### [TASK DIRECTIONS]
Select every line below containing the word "right".

(Data extracted from a collection)

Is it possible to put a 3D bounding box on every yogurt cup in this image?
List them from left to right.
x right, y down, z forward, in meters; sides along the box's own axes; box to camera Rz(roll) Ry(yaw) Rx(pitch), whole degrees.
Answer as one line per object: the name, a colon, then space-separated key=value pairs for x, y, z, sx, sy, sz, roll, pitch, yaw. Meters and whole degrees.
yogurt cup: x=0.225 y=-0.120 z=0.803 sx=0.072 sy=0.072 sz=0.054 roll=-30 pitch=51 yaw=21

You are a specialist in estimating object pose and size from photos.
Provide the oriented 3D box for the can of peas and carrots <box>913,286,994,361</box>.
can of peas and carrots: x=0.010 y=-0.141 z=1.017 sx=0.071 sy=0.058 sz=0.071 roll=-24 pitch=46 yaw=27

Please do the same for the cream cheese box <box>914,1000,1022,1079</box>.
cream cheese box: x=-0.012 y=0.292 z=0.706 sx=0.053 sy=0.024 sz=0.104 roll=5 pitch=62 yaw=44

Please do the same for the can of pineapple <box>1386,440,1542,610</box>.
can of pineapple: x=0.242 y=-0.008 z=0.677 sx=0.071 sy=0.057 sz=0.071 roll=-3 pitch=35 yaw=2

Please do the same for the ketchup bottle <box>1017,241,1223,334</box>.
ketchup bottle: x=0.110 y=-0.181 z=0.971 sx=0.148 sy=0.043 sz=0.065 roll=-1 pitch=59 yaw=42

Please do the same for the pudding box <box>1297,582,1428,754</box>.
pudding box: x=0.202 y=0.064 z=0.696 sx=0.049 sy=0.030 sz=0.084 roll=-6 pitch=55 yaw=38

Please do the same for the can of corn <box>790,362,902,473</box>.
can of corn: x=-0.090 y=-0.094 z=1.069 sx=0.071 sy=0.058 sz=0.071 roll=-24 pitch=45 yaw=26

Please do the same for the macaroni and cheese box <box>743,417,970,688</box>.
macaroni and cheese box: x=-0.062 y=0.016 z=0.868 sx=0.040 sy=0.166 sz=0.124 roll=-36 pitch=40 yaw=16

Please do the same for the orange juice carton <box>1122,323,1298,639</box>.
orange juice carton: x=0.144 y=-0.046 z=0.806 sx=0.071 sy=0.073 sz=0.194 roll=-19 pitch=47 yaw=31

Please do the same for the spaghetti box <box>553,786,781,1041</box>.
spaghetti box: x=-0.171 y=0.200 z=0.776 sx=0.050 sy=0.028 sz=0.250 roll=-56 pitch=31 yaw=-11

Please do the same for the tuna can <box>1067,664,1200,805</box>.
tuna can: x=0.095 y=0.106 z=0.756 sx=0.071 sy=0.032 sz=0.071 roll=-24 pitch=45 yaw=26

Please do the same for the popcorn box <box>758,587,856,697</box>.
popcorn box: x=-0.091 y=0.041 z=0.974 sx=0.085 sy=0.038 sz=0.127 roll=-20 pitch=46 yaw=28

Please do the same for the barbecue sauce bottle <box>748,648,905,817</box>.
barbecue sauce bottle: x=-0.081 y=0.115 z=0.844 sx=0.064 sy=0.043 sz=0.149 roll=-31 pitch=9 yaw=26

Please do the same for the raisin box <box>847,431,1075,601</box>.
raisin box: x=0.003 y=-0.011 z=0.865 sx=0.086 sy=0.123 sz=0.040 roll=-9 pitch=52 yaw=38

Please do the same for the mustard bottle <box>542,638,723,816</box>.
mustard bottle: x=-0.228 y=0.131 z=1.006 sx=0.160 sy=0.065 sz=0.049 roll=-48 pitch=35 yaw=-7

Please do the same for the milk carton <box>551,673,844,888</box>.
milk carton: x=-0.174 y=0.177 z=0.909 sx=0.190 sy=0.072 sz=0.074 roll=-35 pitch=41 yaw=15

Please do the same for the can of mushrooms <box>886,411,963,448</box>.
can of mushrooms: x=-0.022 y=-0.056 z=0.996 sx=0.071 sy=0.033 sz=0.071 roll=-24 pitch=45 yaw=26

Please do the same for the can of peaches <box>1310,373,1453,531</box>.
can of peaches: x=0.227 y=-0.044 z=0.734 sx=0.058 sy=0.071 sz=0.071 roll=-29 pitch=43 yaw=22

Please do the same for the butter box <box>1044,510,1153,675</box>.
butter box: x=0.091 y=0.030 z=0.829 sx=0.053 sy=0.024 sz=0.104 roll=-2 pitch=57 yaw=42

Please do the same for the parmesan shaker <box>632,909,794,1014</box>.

### [ANSWER TO THE PROBLEM]
List them from left to right.
x right, y down, z forward, in meters; sides along the box's own axes; box to camera Rz(roll) Ry(yaw) Rx(pitch), whole degrees.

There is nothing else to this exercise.